In scaling things up and cramming in all those extra specs, Asus has predictably bumped up the price for the Zenfone 11 Ultra. While the Zenfone 10 costs £645, the Zenfone 11 Ultra starts from £870.

This is for the model with 12GB of RAM and 256GB of internal storage, which should be ample for most people. There is also a step-up 16GB/512GB model (tested here) that will set you back £950.

The starting price is £120 more than the Zenfone 10’s RRP, but that’s almost by the by and I wouldn’t discount the possibility of Asus following up with a pint-sized Zenfone 11 later in the year.

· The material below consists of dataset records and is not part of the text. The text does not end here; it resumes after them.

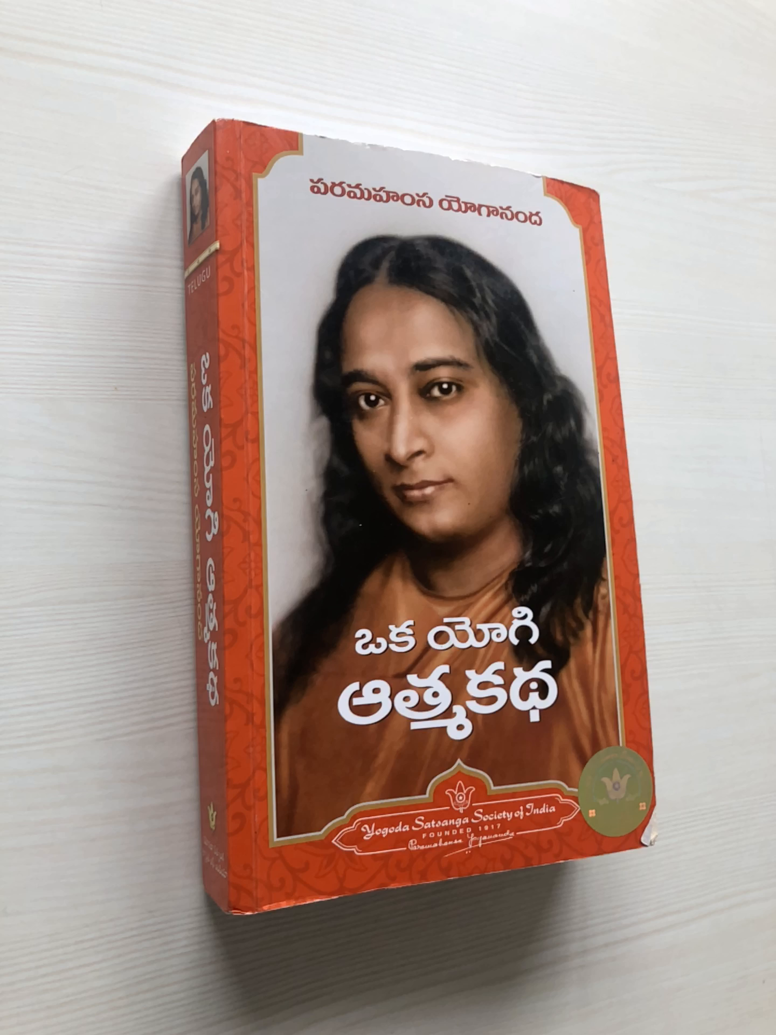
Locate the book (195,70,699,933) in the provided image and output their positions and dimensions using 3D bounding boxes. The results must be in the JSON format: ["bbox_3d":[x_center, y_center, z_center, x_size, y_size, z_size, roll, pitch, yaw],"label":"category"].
[{"bbox_3d":[0.019,-0.008,0.280,0.150,0.040,0.233,0,84,-24],"label":"book"}]
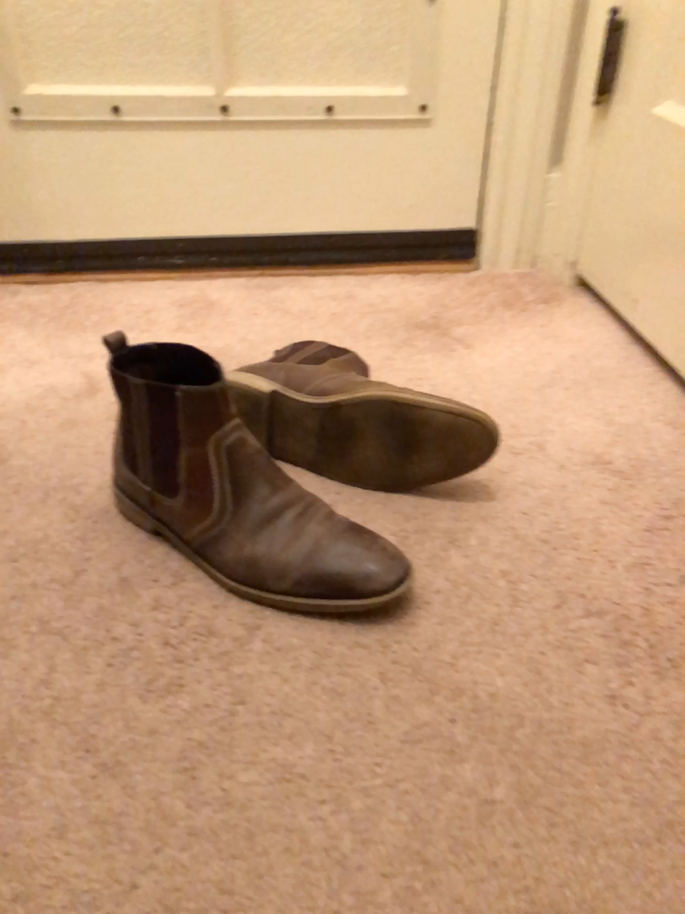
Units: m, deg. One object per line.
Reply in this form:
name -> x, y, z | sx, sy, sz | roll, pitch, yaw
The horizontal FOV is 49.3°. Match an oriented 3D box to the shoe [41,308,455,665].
shoe -> -0.080, 0.010, 0.621 | 0.308, 0.175, 0.116 | 19, 38, 25

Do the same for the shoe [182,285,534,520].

Otherwise, the most obvious comparison is probably the OnePlus 12, which is another phone that offers a full-sized flagship experience at a slightly lower-than-usual (£849) price.

Apple’s iPhone 15 Plus is another touchstone at £899. The Samsung Galaxy S24 (£799) and the Xiaomi 14 (£899) are similarly priced, but come in significantly smaller packages.

Asus Zenfone 11 Ultra review: Design and key features

After the Zenfone 10 carried forward the striking design of the Zenfone 9, Asus has taken a completely different approach with the Asus Zenfone 11 Ultra. That’s not to say it’s an original, though.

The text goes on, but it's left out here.